Maria tinha uma grande admiração pela Imperatriz Isabel Alekseievna, esposa do czar Alexandre I da Rússia. Embora nunca a tivesse conhecido pessoalmente, uma vez que a Imperatriz morreu quando Maria tinha apenas dois anos de idade, sempre ouviu muitas histórias e os mais rasgados elogios sobre ela da parte da mãe, a Princesa Guilhermina de Baden que era irmã de Isabel. Assim, quando chegou à Rússia, uma das primeiras coisas que fez foi reunir material sobre ela, desde cartas a diários, um passatempo que manteve até pouco antes da sua morte. As mais de mil cartas que Maria coleccionou passaram directamente para o seu filho Sérgio que, seguindo o exemplo da mãe, continuou a reunir informação sobre a sua tia-avó, chegando a traduzir centenas de cartas dela de alemão para russo. Com o tempo este material tornou-se tão preponderante que Sérgio o entregou ao seu primo, o Grão-duque Nicolau Mikhailovich, que era um afamado historiador. Assim, em inícios do século XX, foi publicada a primeira biografia desta Imperatriz na Rússia.
[editar] Imperatriz russa
Em 1855, Alexandre tornou-se o imperador, o que obrigou Maria a realizar suas funções de Estado doente ou não. De 1858 para frente, ela notou que seu marido tinha sentimentos por outra. A morte de seu filho mais velho e favorito, Nicolau Alexandrovich da Rússia, em 1865, foi uma grande desgraça para Maria.
Maria tinha permissão para visitar seu irmão Alexandre e sua esposa morganática, Julia von Hauke, que viviam em Heiligenberg. Lá, ela conheceu a princesa Alice do Reino Unido, filha da rainha Vitória e do príncipe Alberto de Saxe-Coburgo-Gota. Alice era casada com o príncipe Luís, seu sobrinho.

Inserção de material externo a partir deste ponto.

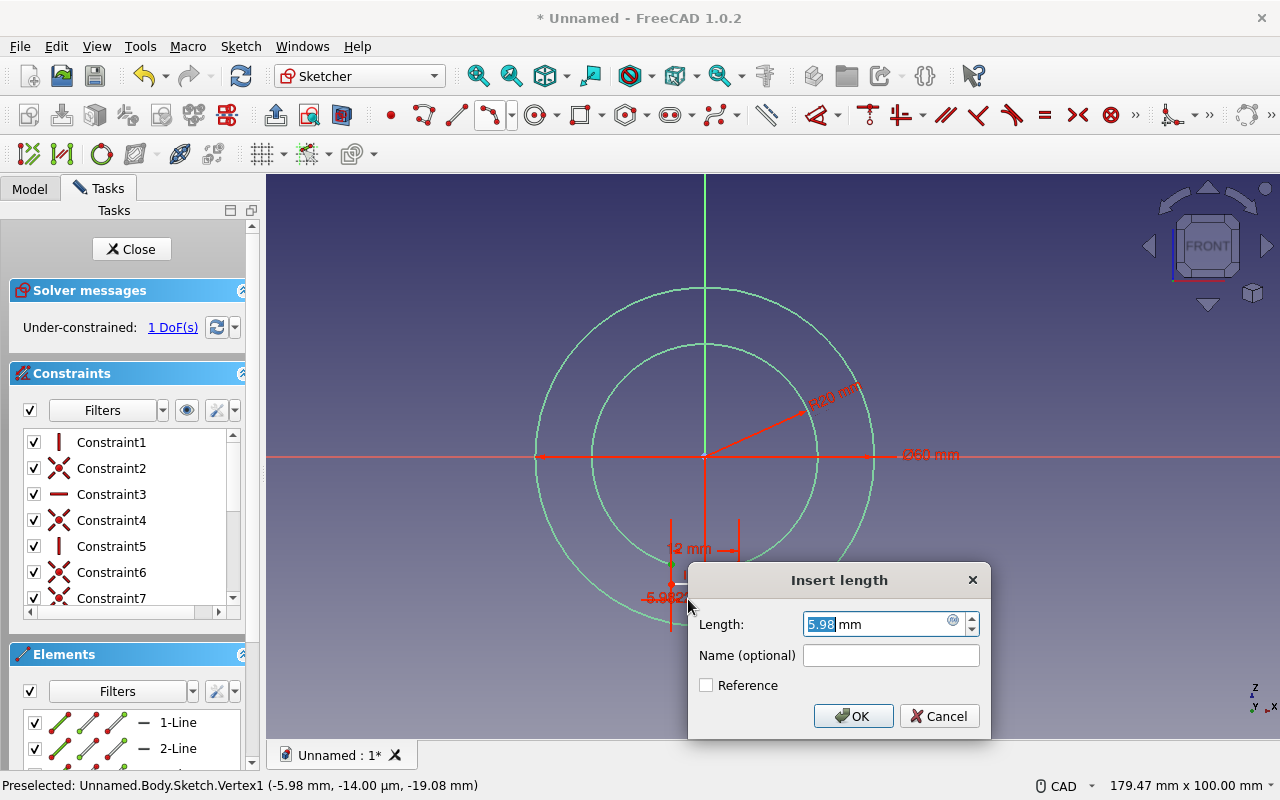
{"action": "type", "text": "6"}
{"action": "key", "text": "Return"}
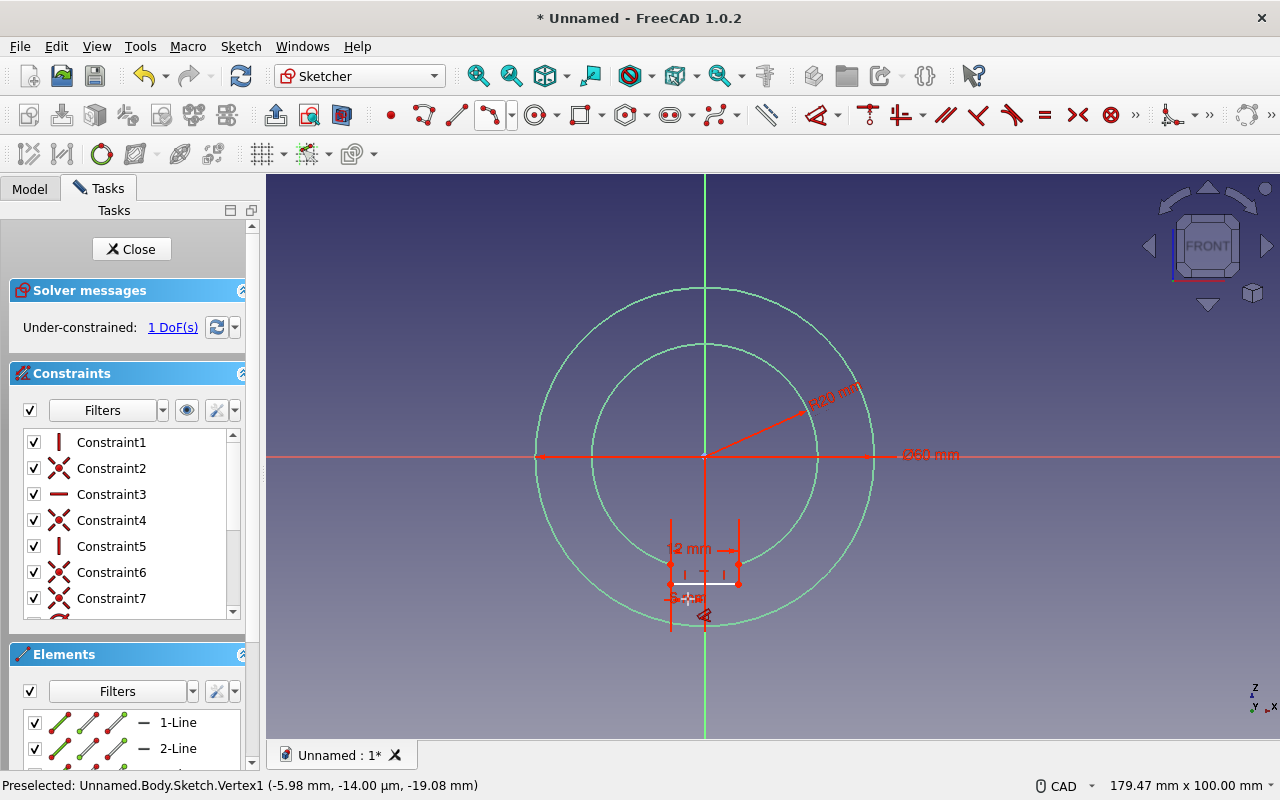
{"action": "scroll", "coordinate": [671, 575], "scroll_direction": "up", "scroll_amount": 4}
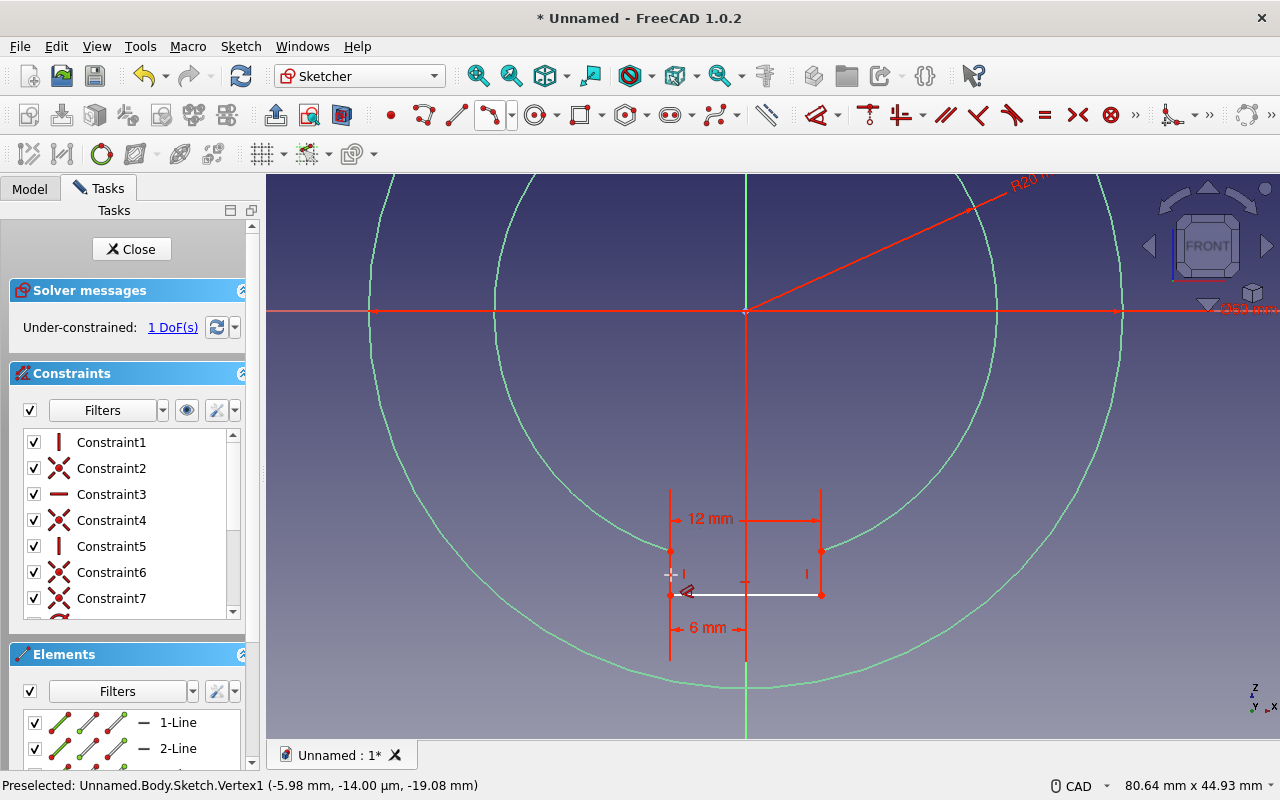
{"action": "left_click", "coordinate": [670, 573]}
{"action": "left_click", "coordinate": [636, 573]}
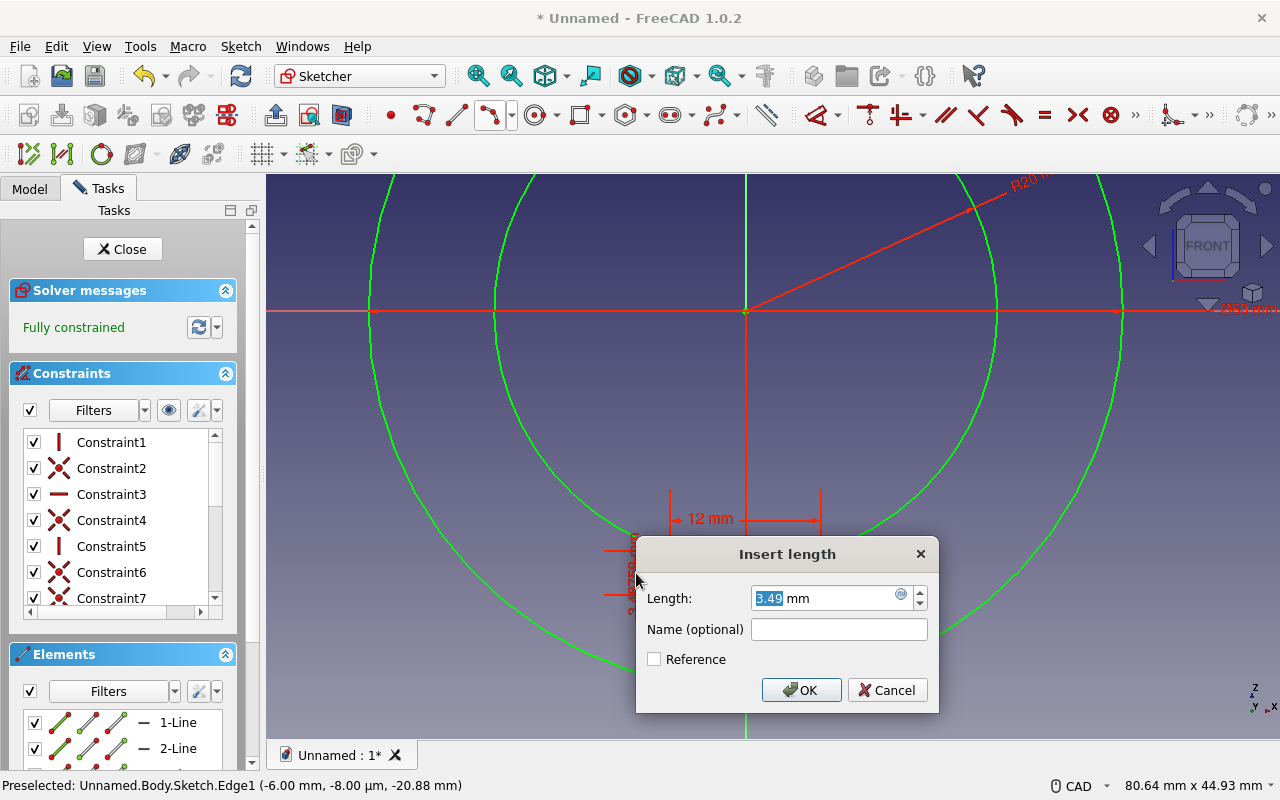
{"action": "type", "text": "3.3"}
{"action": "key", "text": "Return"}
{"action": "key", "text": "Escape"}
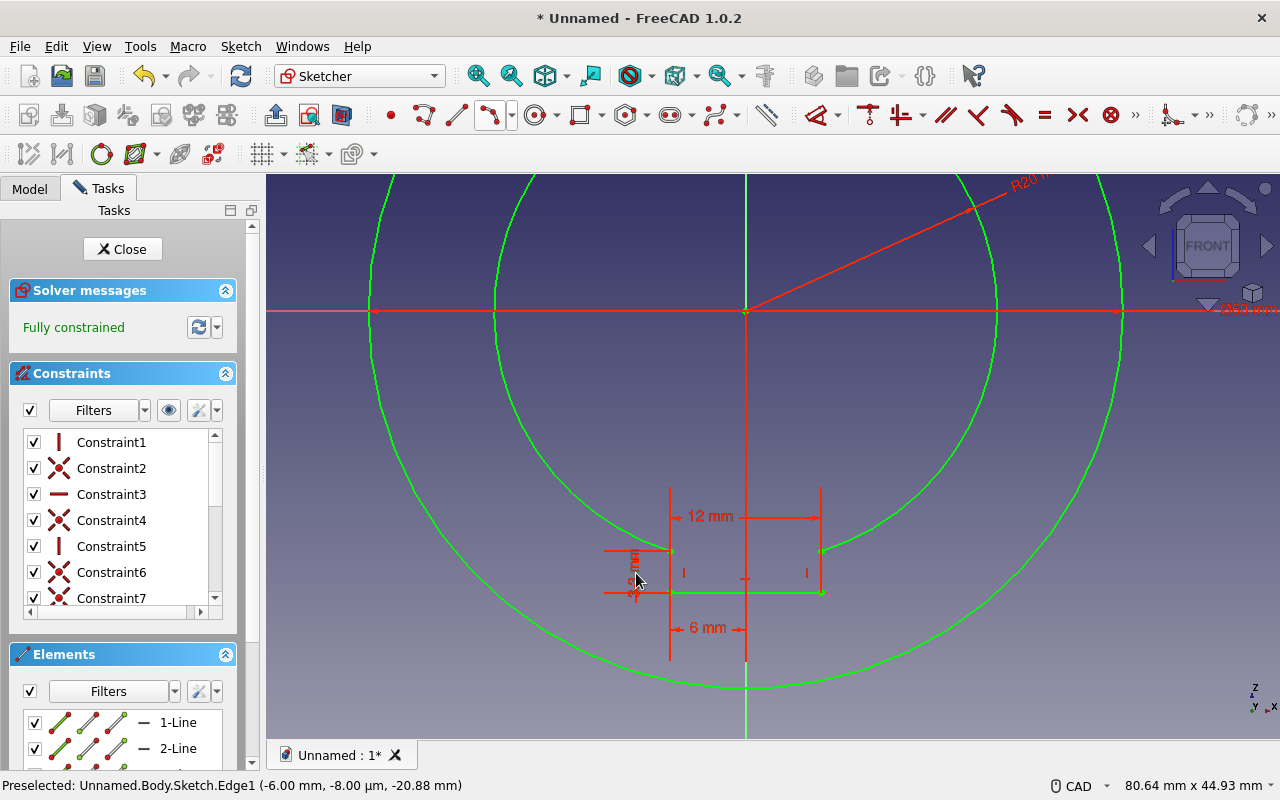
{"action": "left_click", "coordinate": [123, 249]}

Maria não gostou da ideia, sugerida por Alice, de casar sua filha com Alfredo, duque de Edimburgo, irmão de Alice, mas essa união acabou acontencendo no final. Quando Alice morreu em 1878, Maria freqüentemente passou a convidar os órfãos da princesa inglesa para visitas em Heiligenberg.
Foi durante essas visitas que o filho de Maria, o grão-duque Sérgio Alexandrovich, conheceu sua futura esposa, Isabel Feodorovna (filha de Alice). A irmã menor de Isabel, Alexandra, acabou por sua vez desposando o neto mais velho de Maria, Nicolau II.
[editar] Rumores sobre assombrações
Existem pelo menos dois relatos publicados sobre possíveis fenómenos paranormais relacionados com a Imperatriz Maria Alexandrovna, ambos descritos pela ama das filhas de Nicolau II, Margaret Eagar. No primeiro ela fala sobre a sua primeira estadia no Palácio de Inverno depois de chegar à Rússia, quando ficou a dormir no quarto da filha mais velha do czar, Olga Nikolaevna. Durante a noite, Margaret disse ter ouvidos uma mulher chorar compulsivamente mesmo ao pé de si enquanto se lamentava em francês. Embora assustada, Eagar não fez caso do sucedido, pensando que o choro vinha de outro quarto. No entanto, ao fim de três noites sempre a ouvir o mesmo som, a ama decidiu contar o que estava a acontecer à imperatriz Alexandra Feodorovna. Esta olhou-a espantada. "É extraordinário!" Terá dito ela. "O quarto onde a senhora está pertencia à imperatriz Maria Alexandrovna. Há pouco tempo mudei toda a mobília, mas decidi deixar ficar a cama onde a senhora dorme. Se não me engano foi nessa cama que ela morreu." Eagar conta depois que os criados mais antigos do palácio lhe falaram sobre o facto de a imperatriz sofrer imensamente com as infidelidades do marido e, sempre que descobria alguma, tinha o costume de se fechar no seu quarto e chorar na sua cama, lamentando-se sempre em francês para que não a percebessem.
O segundo relato terá ocorrido alguns meses depois, quando Olga tinha já cerca de três anos de idade e a família estava novamente a passar alguns dias no Palácio de Inverno. A pequena Grã-duquesa insistia em contar à sua ama que falava todos os dias com uma senhora vestida de azul, algo ao qual ela deu pouca importância, atribuindo estes relatos a amigos imaginários próprios da época. No entanto, um dia, enquanto as duas passeavam pelos longos corredores do palácio, Olga deteve-se junto de um quadro da sua bisavó, Maria Alexandrovna e disse prontamente: "É esta! É esta a senhora que fala comigo!"